Our work adds to the existing dsSurvival package (which enables privacy enhancing meta-analysis of survival models in the DataSHIELD federated environment) by adding functionality to plot privacy enhancing survival curves. This will allow users to visually assess the differences in survival rates between groups, for example, while maintaining privacy.

We choose to build on the existing smoothing techniques [4] as this offered a pragmatic approach which we have adapted to a federated setting. Other methods such as probabilistic anonymisation are challenging to optimise the balance between privacy and utility.

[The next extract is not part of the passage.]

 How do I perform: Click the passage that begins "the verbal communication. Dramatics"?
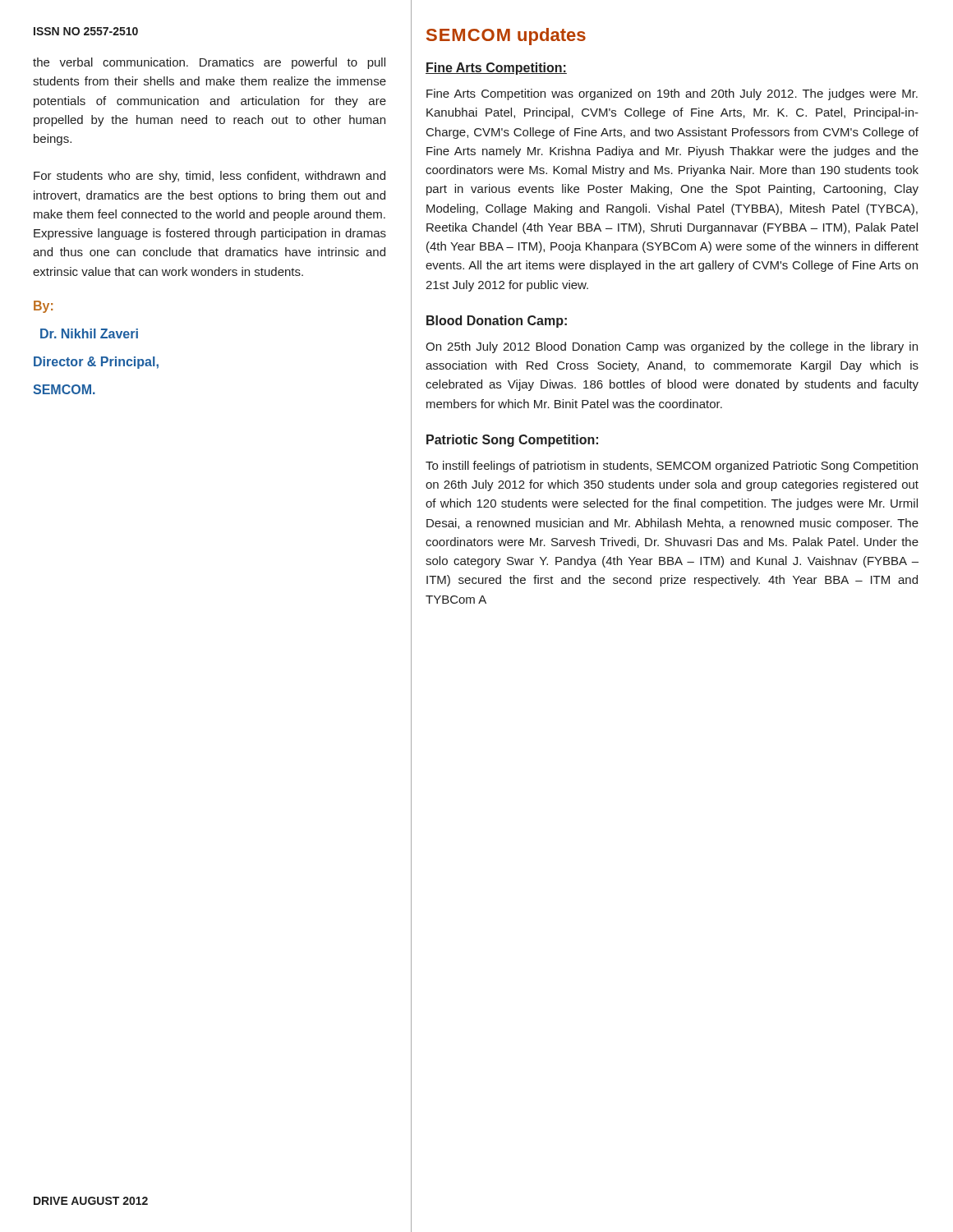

Differential privacy has been used to ensure survival curves are privacy enhancing [5] and this is a promising area of future work [9]. Apart from the additional complexity in implementing the solution itself, there remain challenges around managing the privacy budget. This could be the subject of future work.

Limitations

A limitation is that dsSurvival 2.0 provides a curve per study/dataset, and not a global curve. This might be possible with DataSHIELD in the future and would require secure exchange of values so that they can be ordered by time to build the survival curve. We also did not determine a minimum number of points that are required for a survival plot to be produced and not seriously compromise privacy. This could be a future improvement.

Fig. 1
figure 1

Example of workflow between a client and single data site in dsSurvival. Note that this can occur between a client and many sites. 1. User makes an analysis request in the DataSHIELD framework (e.g. generate a privacy enhancing survival plot) 2. The DataSHIELD function on the server side validates the request, and generates a result that is designed to enhance privacy (e.g. modified survival plot) 3. Result is returned to the client

Fig. 2
figure 2

a Survival curve with LOESS smoothing using the fANCOVA package with all patients in the veteran dataset. The original unmodified survival curve is shown in black. b As per a but with one patient removed at time 61

Fig. 3
figure 3

a Survival curve with LOESS smoothing using the fANCOVA package with randomly reduced number of patients (50 as opposed to 137) in the veteran dataset. The original unmodified survival curve is shown in black. b As per a but with one patient removed at time 61

Another area of future work could be generating synthetic survival data using the dsSynthetic package [10].